The following is the same simple program that finds the factors for all the numbers in a list, expect it executes in a parallel mode with a small code change:

Listing.9
/*
 * 
 * Name:   StreamsTest7
 * 
 * Author: Bhaskar S
 * 
 * Date:   10/25/2014
 * 
 */

package com.polarsparc.java8;

import java.util.Arrays;
import java.util.stream.LongStream;

public class StreamsTest7 {
    public static void main(String[] args) {
        LongStream numbers = Arrays.stream(new long[] {
            976534, 1267543, 1543087, 845987, 1720728,
            590630, 1935609, 1390765, 320609, 1123001
        });
        
        long start = System.nanoTime();
        
        numbers
            .parallel()
            .mapToObj(StreamsTest7::findFactors)
            .forEach(fac -> System.out.println(fac));
        
        long end = System.nanoTime();
        
        System.out.printf("Total time (ms): %d\n", (end-start)/(1000*1000));
    }
    
    public static MyFactors findFactors(long num) {
        System.out.printf("%s: factors for num = %d\n", Thread.currentThread().getName(), num);
        
        MyFactors factors = new MyFactors();
        
        if (num > 0) {
            factors.setNum(num);
            factors.add(1);
            for (long n = 2; n < num/2; n++) {
                if (num % n == 0) {
                    factors.add(n);
                }
            }
            factors.add(num);
        }
        
        return factors;
    }
}

The only change is the addition of the operation parallel() to the stream.
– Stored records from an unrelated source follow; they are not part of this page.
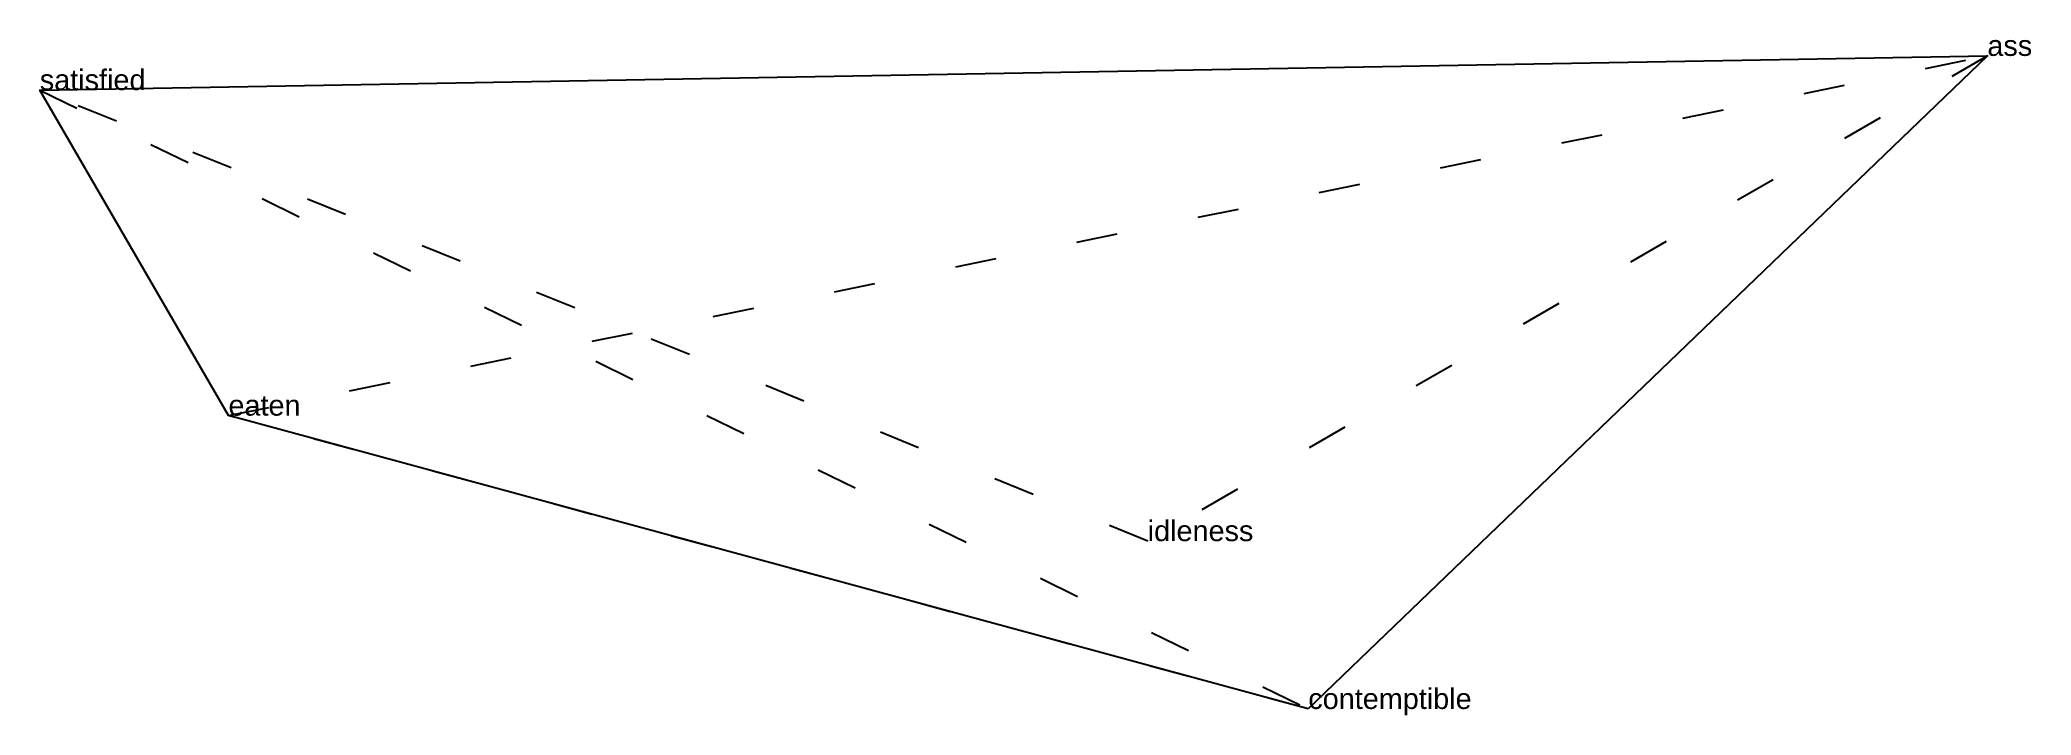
# Model space of a CAD drawing. Extents: x -1.48 to 3.35, y 1.58 to 3.22.
import ezdxf

# ---------------------------------------------------------------- set-up
doc = ezdxf.new("R2010")
doc.units = 0
doc.linetypes.add('DOT', pattern=[0.2, 0, -0.2])
doc.layers.add('TEXT', color=1, linetype='CONTINUOUS')
doc.styles.get("Standard").update_dxf_attribs({"font": 'arial.ttf'})

msp = doc.modelspace()

# ---------------------------------------------------------------- linework, layer by layer
at = {"layer": 'INTERNAL', "linetype": 'DOT'}
msp.add_polyline3d([(-1.0241, 2.3085, 0), (3.241, 3.1814, 0), (1.2049, 2.004, 0), (-1.4815, 3.0984, 0), (1.5944, 1.5967, 0), (-1.0241, 2.3085, 0)], close=True, dxfattribs=at)
at = {"layer": 'OUTLINE', "linetype": 'CONTINUOUS'}
msp.add_polyline3d([(1.5944, 1.5967, 0), (-1.0241, 2.3085, 0), (-1.4815, 3.0984, 0), (3.241, 3.1814, 0), (1.5944, 1.5967, 0)], close=True, dxfattribs=at)

# ---------------------------------------------------------------- texts
at = {"layer": 'TEXT'}
for s, p in [('ass', (3.241, 3.1814)), ('satisfied', (-1.4815, 3.0984)), ('eaten', (-1.0241, 2.3085)), ('idleness', (1.2049, 2.004)), ('contemptible', (1.5944, 1.5967))]:
    msp.add_text(s, height=0.05, dxfattribs=at).set_placement(p)

doc.saveas('drawing.dxf')

Executing the program from Listing.9 will generate the following output:

Output.7

main: factors for num = 1935609
ForkJoinPool.commonPool-worker-1: factors for num = 1543087
ForkJoinPool.commonPool-worker-2: factors for num = 320609
ForkJoinPool.commonPool-worker-3: factors for num = 1390765
Num: 320609, Factors: [1, 320609]
ForkJoinPool.commonPool-worker-2: factors for num = 1123001
Num: 1123001, Factors: [1, 11, 121, 9281, 102091, 1123001]
ForkJoinPool.commonPool-worker-2: factors for num = 1267543
Num: 1390765, Factors: [1, 5, 349, 797, 1745, 3985, 278153, 1390765]
ForkJoinPool.commonPool-worker-3: factors for num = 1720728
Num: 1935609, Factors: [1, 3, 13, 31, 39, 93, 403, 1209, 1601, 4803, 20813, 49631, 62439, 148893, 645203, 1935609]
main: factors for num = 590630
Num: 1267543, Factors: [1, 47, 149, 181, 7003, 8507, 26969, 1267543]
ForkJoinPool.commonPool-worker-2: factors for num = 976534
Num: 1543087, Factors: [1, 7, 13, 31, 91, 217, 403, 547, 2821, 3829, 7111, 16957, 49777, 118699, 220441, 1543087]
ForkJoinPool.commonPool-worker-1: factors for num = 845987
Num: 590630, Factors: [1, 2, 5, 10, 59063, 118126, 590630]
Num: 976534, Factors: [1, 2, 13, 23, 26, 46, 71, 142, 299, 529, 598, 923, 1058, 1633, 1846, 3266, 6877, 13754, 21229, 37559, 42458, 75118, 976534]
Num: 845987, Factors: [1, 845987]
Num: 1720728, Factors: [1, 2, 3, 4, 6, 8, 9, 12, 18, 24, 36, 72, 23899, 47798, 71697, 95596, 143394, 191192, 215091, 286788, 430182, 573576, 1720728]
Total time (ms): 112

Notice from the Output.7 that Streams automatically handles parallelism under-the-hood using Fork-Join.

We did not have to write a single line of multi-threaded code - ain't this powerful !!!